## Assignment
Present exactly, and only, the lines running from the line that contains "Can you work" through the end of the entries below.

Records shown Block Start

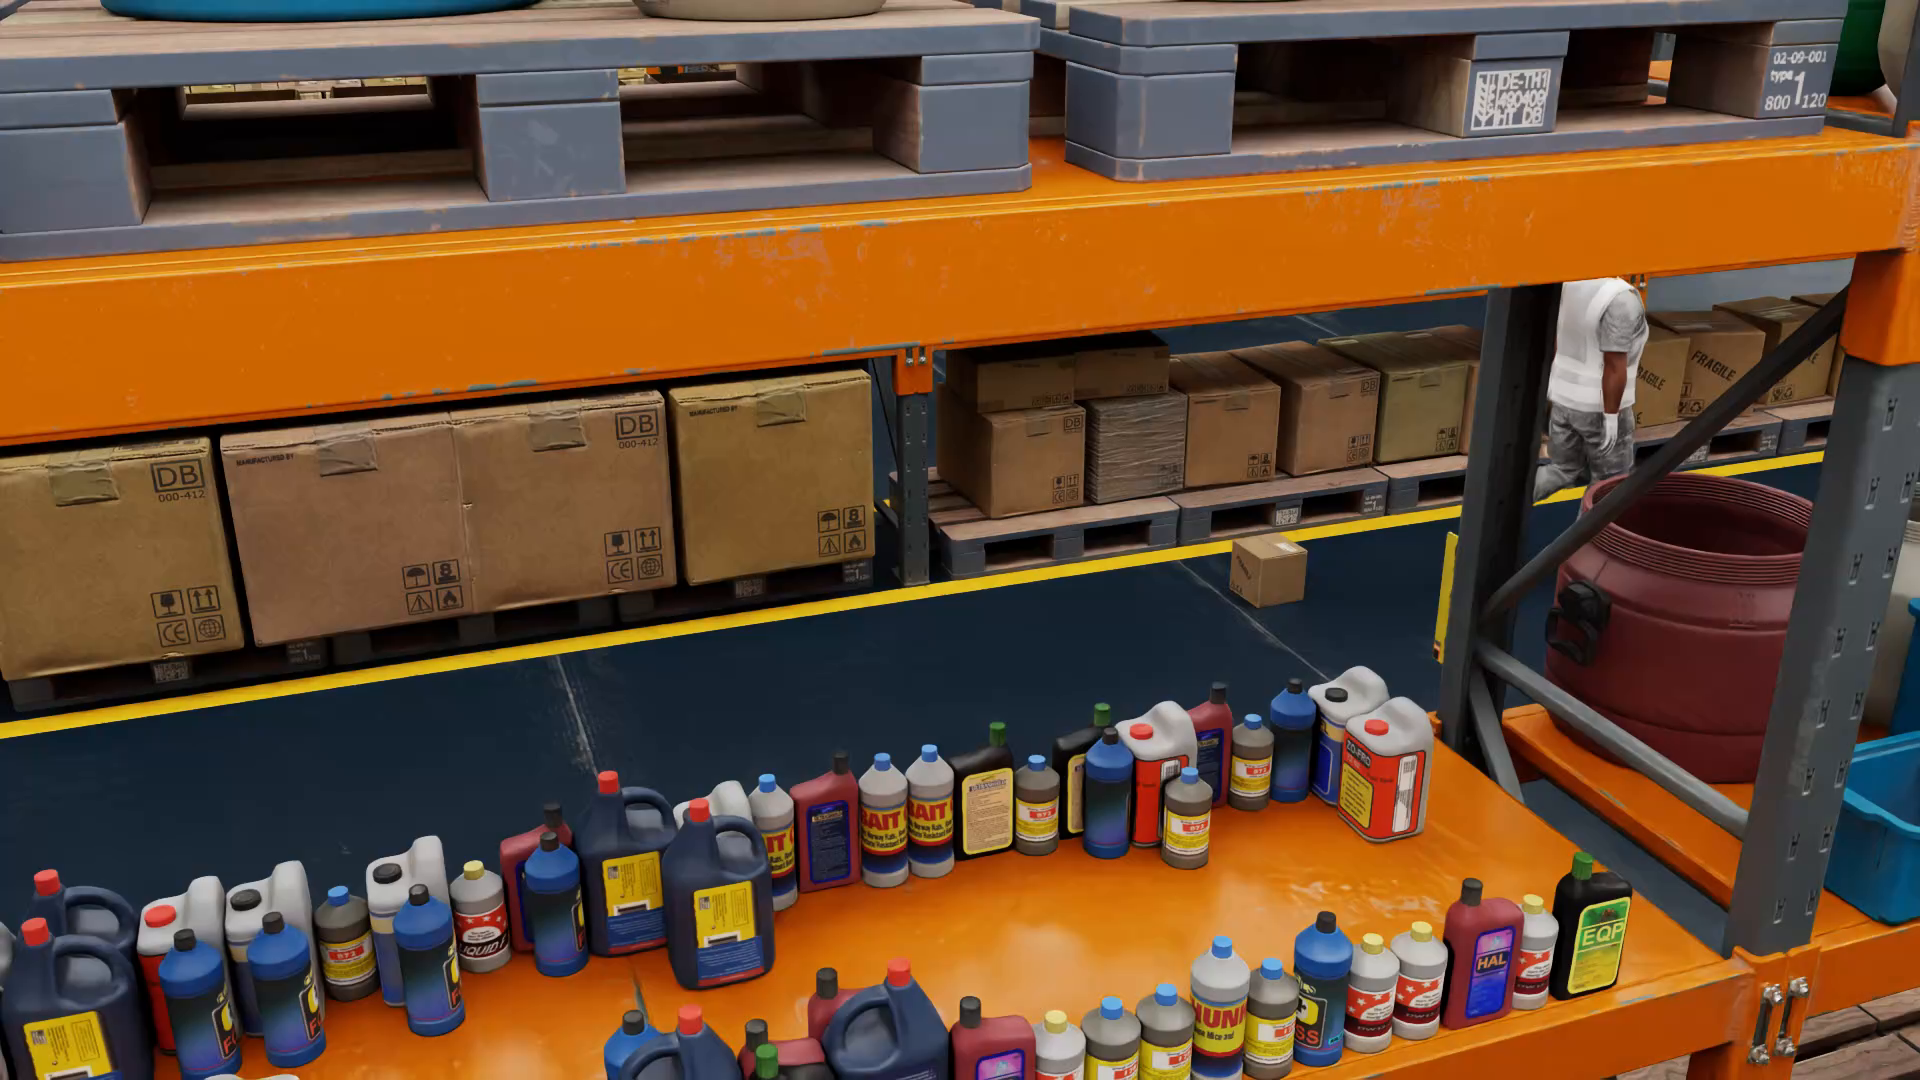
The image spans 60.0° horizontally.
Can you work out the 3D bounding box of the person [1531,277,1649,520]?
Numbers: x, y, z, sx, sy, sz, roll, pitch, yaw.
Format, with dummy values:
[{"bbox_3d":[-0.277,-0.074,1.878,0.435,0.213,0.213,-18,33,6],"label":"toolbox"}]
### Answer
[{"bbox_3d":[2.812,-0.637,7.589,0.794,1.765,0.566,-6,23,-14],"label":"person"}]

Records shown Block End

## Exercise answer
Can you work out the 3D bounding box of the person [1531,277,1649,520]?
Numbers: x, y, z, sx, sy, sz, roll, pitch, yaw.
Format, with dummy values:
[{"bbox_3d":[-0.277,-0.074,1.878,0.435,0.213,0.213,-18,33,6],"label":"toolbox"}]
### Answer
[{"bbox_3d":[2.812,-0.637,7.589,0.794,1.765,0.566,-6,23,-14],"label":"person"}]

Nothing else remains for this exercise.